No me gusta estar embarazada

Estos nueve meses a menudo son sinónimo de felicidad y realización personal. Un estado de bienestar que no deja de publicitarse en las revistas femeninas y que se basa en el inconsciente colectivo. Pero también puede pasar que no nos guste estar embarazadas. ¿Cómo puede originarse un sentimiento así? ¿Cuáles son las causas? ¿Cómo pasar mejor el embarazo? Lise Bartoli, psicóloga clínica y especialista en psicología perinatal, nos habla de los embarazos que no se llevan bien.

Idealizamos nuestro cuerpo de mujer

Durante estos nueve meses de embarazo, el cuerpo de las mujeres pasa por numerosas transformaciones y cambios físicos más o menos soportados por estas mujeres en cuestión. La subida de peso a menudo es difícil de aceptar para una mujer embarazada. Las que siempre han idealizado su cuerpo desde que eran pequeñas puede que no soporten los kilos de más. Este cambio brutal de morfología puede crear una sensación de malestar debido a los complejos y esto hasta el final del embarazo. Como si la futura mamá debiera hacer el duelo de su apariencia “antes del embarazo”.

Los cambios fisiológicos también pueden hacer que se genere un sentimiento de malestar en la mujer embarazada. El primer culpable en el podio de los acusados: las náuseas. Generalmente aparecen alrededor de la sexta semana y desaparecen hacia la doceava semana. Más o menos intensos, pueden resultar un verdadero impedimento si perduran durante todo el embarazo. Entonces, la indignación toma el relevo a la felicidad de estar embarazada, que puede llegar a disuadir a la madre de volver a repetir la experiencia en el futuro.

Heridas psicológicas que resurgen

“A partir del segundo trimestre, la futura mamá se abre a informaciones inconscientes”, explica la psicóloga Lise Bartoli.“Las heridas no resueltas de la infancia, o incluso las de su propia madre, corren el riesgo de volver a surgir, perturbando su equilibrio emocional”. Si la madre, la hermana o incluso la abuela de la mujer embarazada pasó un embarazo difícil, no deseado o padeció un aborto, puede que estos malos recuerdos reaparezcan como un boomerang y constituyan una fuente de inquietud. Más difíciles de identificar son las relaciones tumultuosas, aquellas donde sigue habiendo temas sin resolver, cuestiones que no se hablan entre madres e hijas, que luego pueden repercutir en el embarazo.

¿Cómo pasar mejor el embarazo?

“Conocer lo que me pasa”. En un primer momento, es importante identificar la causa del malestar entre las que hemos citado anteriormente o alguna otra para poder comprender lo que nos pasa. Si es necesario, podemos hacer una pequeña “encuesta familiar” entre nuestros allegados para determinar si hay algún hecho traumático que todavía no haya cicatrizado y poderlo arreglar, con el objetivo final de poder vivir nuestro embarazo con serenidad.

 “Yo a mis pacientes que llevan mal su embarazo les recomiendo escribir a diario todo lo que sienten en un pequeño cuaderno para poder evacuar los malos pensamientos”.

¿Os parece que este vientre grande es feo? Mimadlo con ropa que se adapte a vuestras nuevas curvas, probad el belly-painting, una variante del body-painting pero centrada en el vientre.

Y si el futuro papá os acompaña durante estos nueve meses y os cubre de cumplidos y pequeñas atenciones, ¡seguro que os sentiréis mejor! Él también tiene derecho a vivir este embarazo y a compartir vuestras emociones, así que no le dejéis de lado.

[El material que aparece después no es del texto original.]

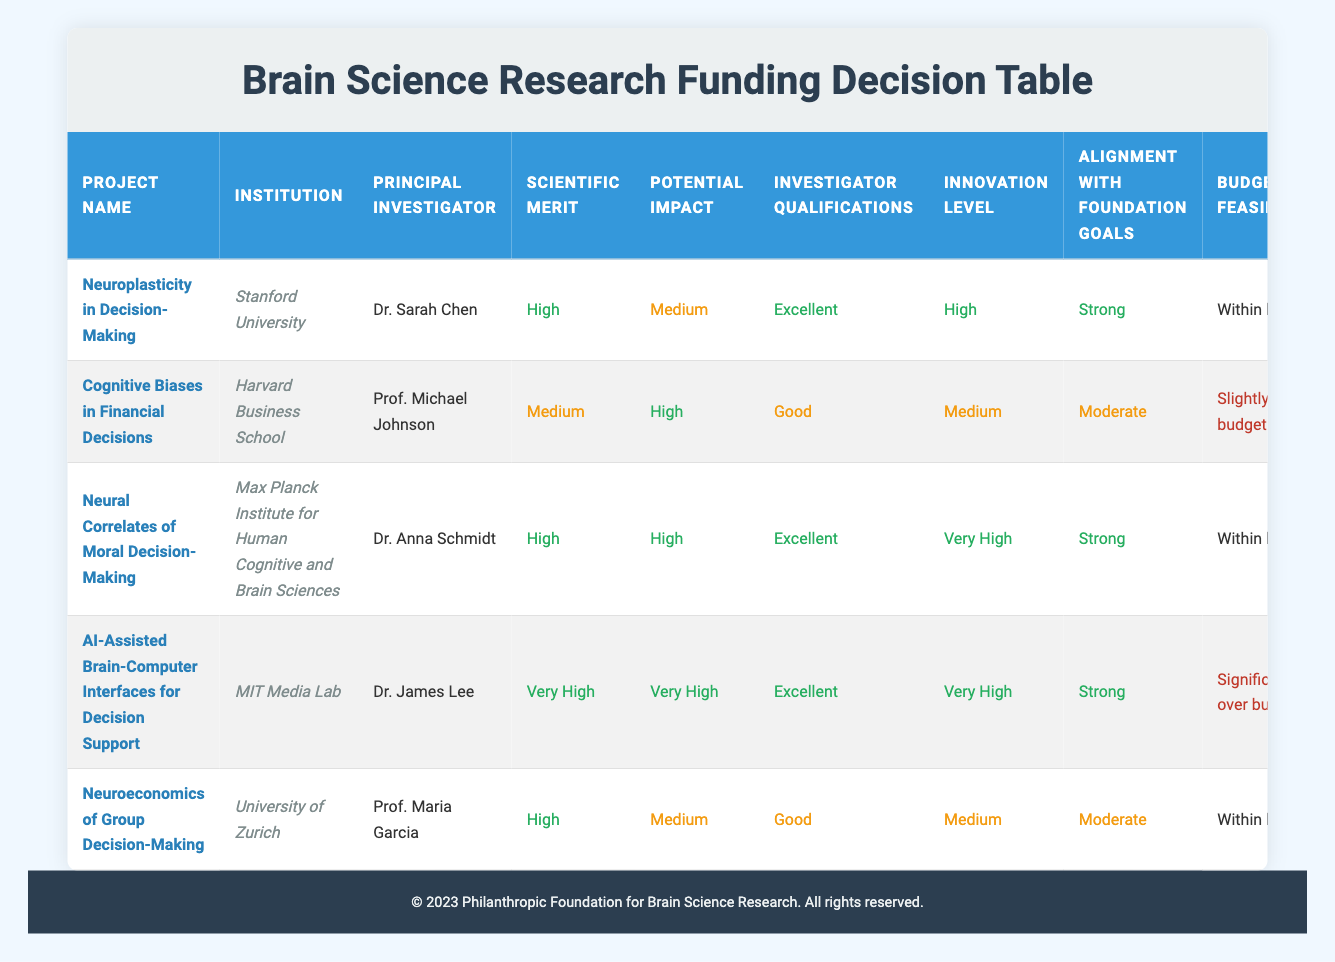What is the principal investigator's name for the project "AI-Assisted Brain-Computer Interfaces for Decision Support"? The principal investigator for the project "AI-Assisted Brain-Computer Interfaces for Decision Support" is listed in the table. By looking at the corresponding row, I find that it is Dr. James Lee.
Answer: Dr. James Lee Which project has the highest potential impact? To find the project with the highest potential impact, I need to compare the potential impact ratings of all projects. The ratings are either High or Very High. The project "AI-Assisted Brain-Computer Interfaces for Decision Support" has a potential impact of Very High, which is the highest rating on the table.
Answer: AI-Assisted Brain-Computer Interfaces for Decision Support How many projects have a budget feasibility classified as "Within limits"? I must count the number of projects with the budget feasibility status of "Within limits." Scanning through the table, I see that three projects—"Neuroplasticity in Decision-Making," "Neural Correlates of Moral Decision-Making," and "Neuroeconomics of Group Decision-Making"—have this classification.
Answer: 3 Is the innovation level for "Cognitive Biases in Financial Decisions" rated as "High"? I check the row corresponding to "Cognitive Biases in Financial Decisions" for its innovation level. The table clearly shows that the innovation level for this project is rated as Medium, not High.
Answer: No What is the average scientific merit rating for the projects listed? To find the average scientific merit, I assign numerical values to the ratings: Very High = 4, High = 3, Medium = 2, Low = 1. The scientific merit ratings for the projects are: Very High (1), High (3), Medium (1), High (3), High (3). Therefore, the sum is 4 + 3 + 2 + 3 + 3 = 15, and dividing it by 5 (the number of projects) gives an average of 3.
Answer: 3 Which project has the lowest collaboration potential? Examining the collaboration potential column, I need to identify which project has the lowest rating. In this table, "Cognitive Biases in Financial Decisions" has a collaboration potential rated as Medium, whereas others are either High or Very High. No project is rated lower than Medium in this category, making this the lowest.
Answer: Cognitive Biases in Financial Decisions Are there any projects with both "Significantly over budget" and "Very High" potential impact? To answer, I look for rows where the budget feasibility is classified as "Significantly over budget" and check the corresponding potential impact. The project "AI-Assisted Brain-Computer Interfaces for Decision Support" fits this criterion with a status of "Significantly over budget" and a potential impact of "Very High." Hence, at least one such project exists.
Answer: Yes What is the total number of projects rated with "Excellent" investigator qualifications? In the table, I filter for the "Investigator Qualifications" column to count the projects rated as "Excellent." The projects "Neuroplasticity in Decision-Making," "Neural Correlates of Moral Decision-Making," and "AI-Assisted Brain-Computer Interfaces for Decision Support" all have "Excellent" qualifications, leading to a total of three.
Answer: 3 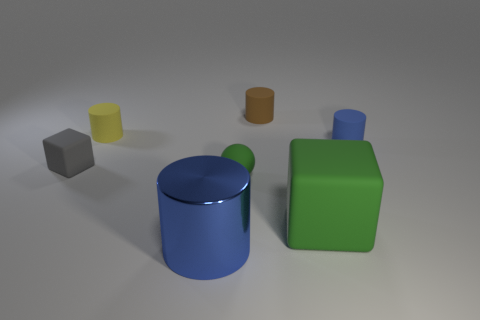Can you describe the differences in size and color among the objects shown? Certainly! In the image, there are five distinct objects, each varying in size and color. Starting from the left, there's a smaller gray cube, a medium-sized yellow cylinder, a large blue cylinder, a small orange cylinder, and finally, a green rectangular prism which appears to be the largest. The blue and yellow objects have a vibrant, glossy finish, suggesting a smooth surface, while the gray, orange, and green objects show a more matte finish. 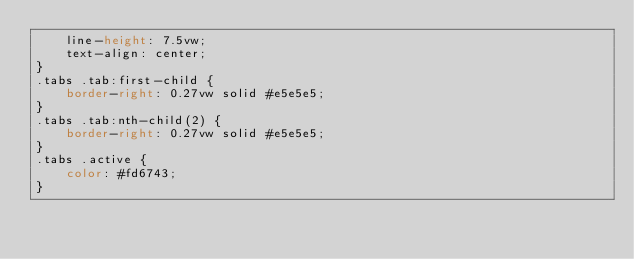Convert code to text. <code><loc_0><loc_0><loc_500><loc_500><_CSS_>    line-height: 7.5vw;
    text-align: center;
}
.tabs .tab:first-child {
    border-right: 0.27vw solid #e5e5e5;
}
.tabs .tab:nth-child(2) {
    border-right: 0.27vw solid #e5e5e5;
}
.tabs .active {
    color: #fd6743;
}

</code> 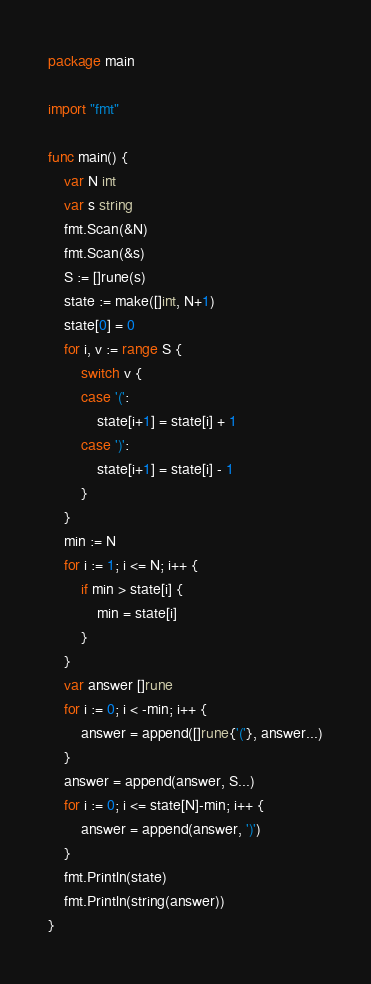<code> <loc_0><loc_0><loc_500><loc_500><_Go_>package main

import "fmt"

func main() {
	var N int
	var s string
	fmt.Scan(&N)
	fmt.Scan(&s)
	S := []rune(s)
	state := make([]int, N+1)
	state[0] = 0
	for i, v := range S {
		switch v {
		case '(':
			state[i+1] = state[i] + 1
		case ')':
			state[i+1] = state[i] - 1
		}
	}
	min := N
	for i := 1; i <= N; i++ {
		if min > state[i] {
			min = state[i]
		}
	}
	var answer []rune
	for i := 0; i < -min; i++ {
		answer = append([]rune{'('}, answer...)
	}
	answer = append(answer, S...)
	for i := 0; i <= state[N]-min; i++ {
		answer = append(answer, ')')
	}
	fmt.Println(state)
	fmt.Println(string(answer))
}
</code>

Los complejos, el malestar y las inquietudes aparecen la mayoría de las veces en las mujeres primerizas (primer embarazo). El miedo a lo desconocido y sobre todo a lo que les espera no les permite vivir plenamente esta experiencia única. Pero la psicóloga Lise Bartoli insiste: “Hay que vivir el embarazo plenamente y buscar todos los aspectos bonitos que nos aporta, ya que el bebé también siente las emociones de la madre.Hablarle al bebé y decirle lo que no funciona es importante, ya que construís vuestra relación con el bebé desde el embarazo”.

Para las que no llevan bien los cambios físicos y psicológicos, tranquilizaros, no duran eternamente y pensad en el bebé que llegará. En general, con el nacimiento se olvidan todos los malos momentos.

 

A. Iglesias

Fuentes:

Entrevista con Lise Bartoli, psicóloga clínica e hipnoterapeuta, especialista en psicología perinatal.